Net overboard: comparing marine eDNA sampling methodologies at sea to
unravel marine biodiversity
Abstract
Environmental DNA (eDNA) analyses are powerful for describing marine
biodiversity but must be optimized for their effective use in routine
monitoring. To maximize eDNA detection probabilities of sparsely
distributed populations, water samples are usually concentrated from
larger volumes and filtered using fine-pore membranes, often a
significant cost-time bottleneck in the workflow. This study aimed to
streamline eDNA sampling by investigating plankton net versus bucket
sampling, direct versus sequential filtration including self-preserving
filters. Biodiversity was assessed using metabarcoding of the small
ribosomal subunit (18S rRNA) and mitochondrial cytochrome c oxidase I
(COI) genes. Multi-species detection probabilities were estimated for
each workflow using a probabilistic occupancy modelling approach.

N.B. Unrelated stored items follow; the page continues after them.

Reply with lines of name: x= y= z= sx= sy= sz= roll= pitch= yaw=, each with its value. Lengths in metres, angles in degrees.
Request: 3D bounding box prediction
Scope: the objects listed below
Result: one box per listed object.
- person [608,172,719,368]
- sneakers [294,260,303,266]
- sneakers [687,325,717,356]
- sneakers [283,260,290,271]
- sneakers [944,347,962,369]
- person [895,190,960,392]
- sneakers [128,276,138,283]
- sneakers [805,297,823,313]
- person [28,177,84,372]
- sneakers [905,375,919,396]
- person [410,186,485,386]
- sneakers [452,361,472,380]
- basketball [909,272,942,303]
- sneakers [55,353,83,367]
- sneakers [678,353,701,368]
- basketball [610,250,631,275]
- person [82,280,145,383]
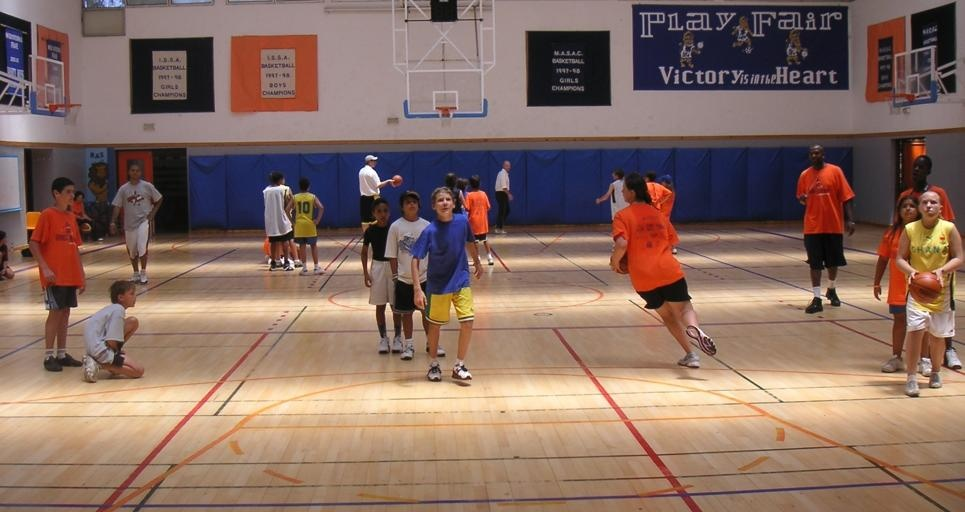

Significant workflow-related differences in biodiversity metrics were
reported. Highest amplicon sequence variant (ASV) richness was attained
by the bucket sampling combined with self-preserving filters, comprising
a large portion of micro-plankton. Less diversity but more metazoan taxa
were captured in the net samples combined with 5 µm pore size filters.

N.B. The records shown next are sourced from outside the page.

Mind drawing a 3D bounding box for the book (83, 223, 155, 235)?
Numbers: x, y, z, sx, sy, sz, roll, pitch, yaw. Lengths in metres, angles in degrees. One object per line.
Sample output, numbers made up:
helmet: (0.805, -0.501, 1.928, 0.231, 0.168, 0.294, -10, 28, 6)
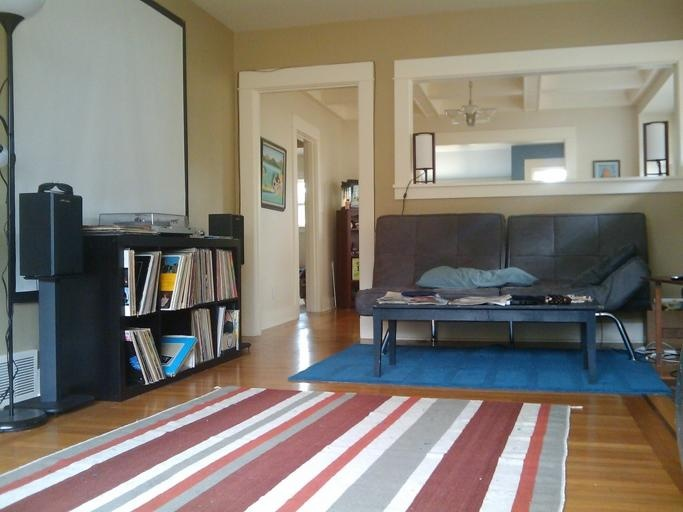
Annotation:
book: (-1.305, -0.157, 3.188, 0.409, 0.055, 0.246, -2, 2, -25)

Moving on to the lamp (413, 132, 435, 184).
lamp: (0.776, -0.916, 5.121, 0.202, 0.502, 0.597, -1, 2, 8)

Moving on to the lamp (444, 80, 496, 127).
lamp: (1.812, -2.064, 7.544, 0.624, 0.655, 1.543, -1, 2, 14)

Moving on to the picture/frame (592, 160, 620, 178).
picture/frame: (4.089, -1.354, 8.284, 0.406, 0.282, 0.405, 0, 2, 24)

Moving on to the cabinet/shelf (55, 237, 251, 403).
cabinet/shelf: (-1.195, 0.404, 3.299, 0.295, 0.657, 1.012, 0, 0, 20)

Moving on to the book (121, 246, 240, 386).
book: (-1.076, 0.400, 3.493, 0.149, 0.499, 0.871, 0, 5, 14)

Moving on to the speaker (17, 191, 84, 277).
speaker: (-1.519, -0.105, 2.813, 0.300, 0.446, 0.123, -3, 2, -30)

Pre-filtered 1.2 µm samples yielded few or no unique ASVs. The highest
average (~32%) metazoan detection probabilities in the
5 µm pore size net samples confirmed the effectiveness of
pre-concentrating plankton for biodiversity screening. These results
contribute to streamlining eDNA sampling protocols for uptake and
implementation in marine biodiversity research and surveillance.